Observations are normalized internally for posterior encoding but compared on the original observation scale in the returned report.

petitRADTRANS.sbi.calibration.summarize_training_diagnostics(posterior: Any) → dict[str, Any]#: Summarize per-epoch stability/inverse-error diagnostics of a trained flow.

petitRADTRANS.sbi.calibration.summarize_posterior_samples(posterior_samples: numpy.ndarray, parameter_names: list[str], truth_parameter_values: Mapping[str, float] | None = None) → dict[str, dict[str, float | None]]#: Per-parameter posterior p16/median/p84, with optional truth values.

petitRADTRANS.sbi.calibration.summarize_posterior_contraction(posterior_samples: numpy.ndarray, parameter_names: list[str], retrieval_config: Any) → dict[str, dict[str, float | None]]#

Per-parameter posterior contraction relative to the prior.

contraction is the ratio of the posterior central 68% width to the prior central 68% width. Values near 1.0 mean the marginal is effectively the prior (uninformative); values well below 1.0 mean the observation constrains that parameter.

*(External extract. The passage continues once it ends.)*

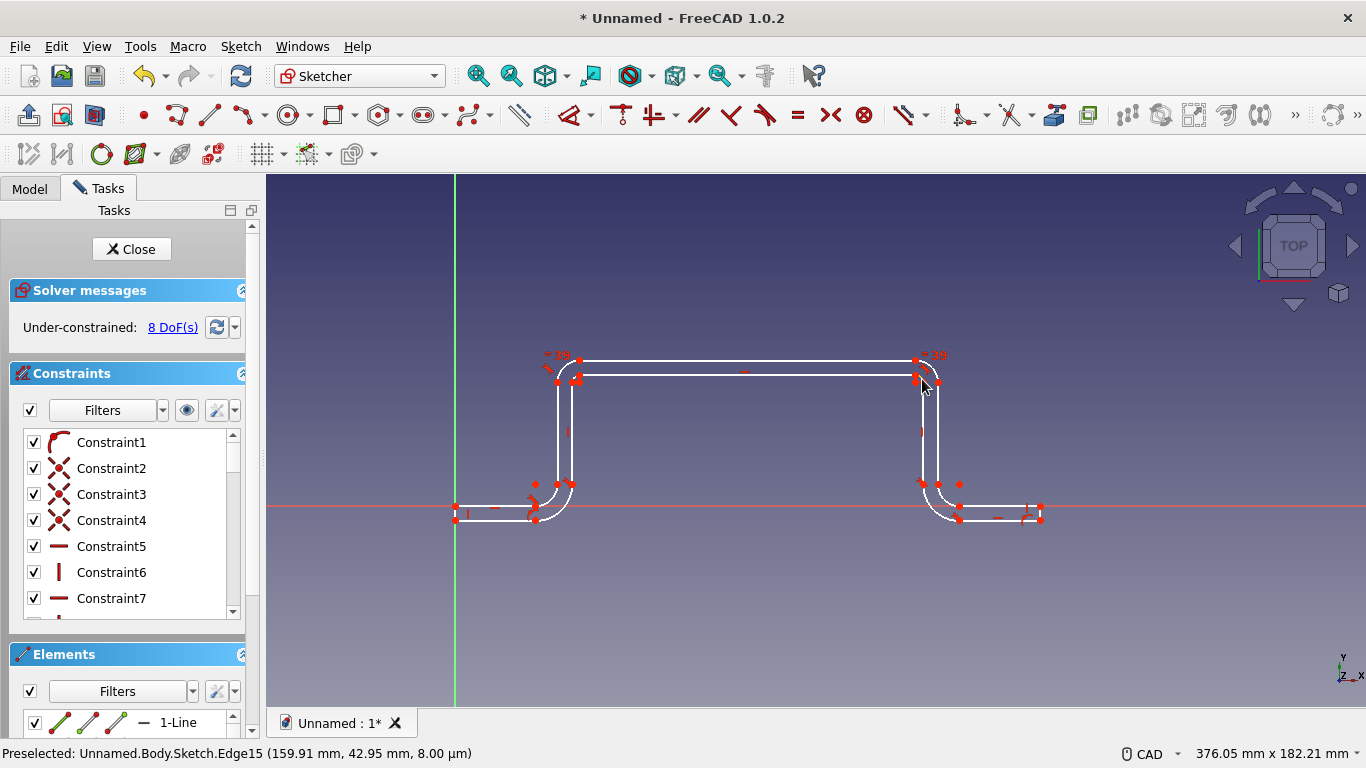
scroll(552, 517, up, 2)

This is the diagnostic that separates an informative posterior from a calibrated-but-uninformative one – something SBC rank histograms alone cannot reveal, since a posterior that returns the prior is trivially calibrated.

petitRADTRANS.sbi.calibration.summarize_predictive_report(predictive_report: PosteriorPredictiveReport) → dict[str, Any]#: Serialize a posterior-predictive report’s scalar metrics to JSON-safe dicts.

petitRADTRANS.sbi.calibration.serialize_ood_diagnostic(ood_diagnostic: Any) → dict[str, Any] | None#: Serialize an OOD diagnostic to a JSON-safe dict (or None).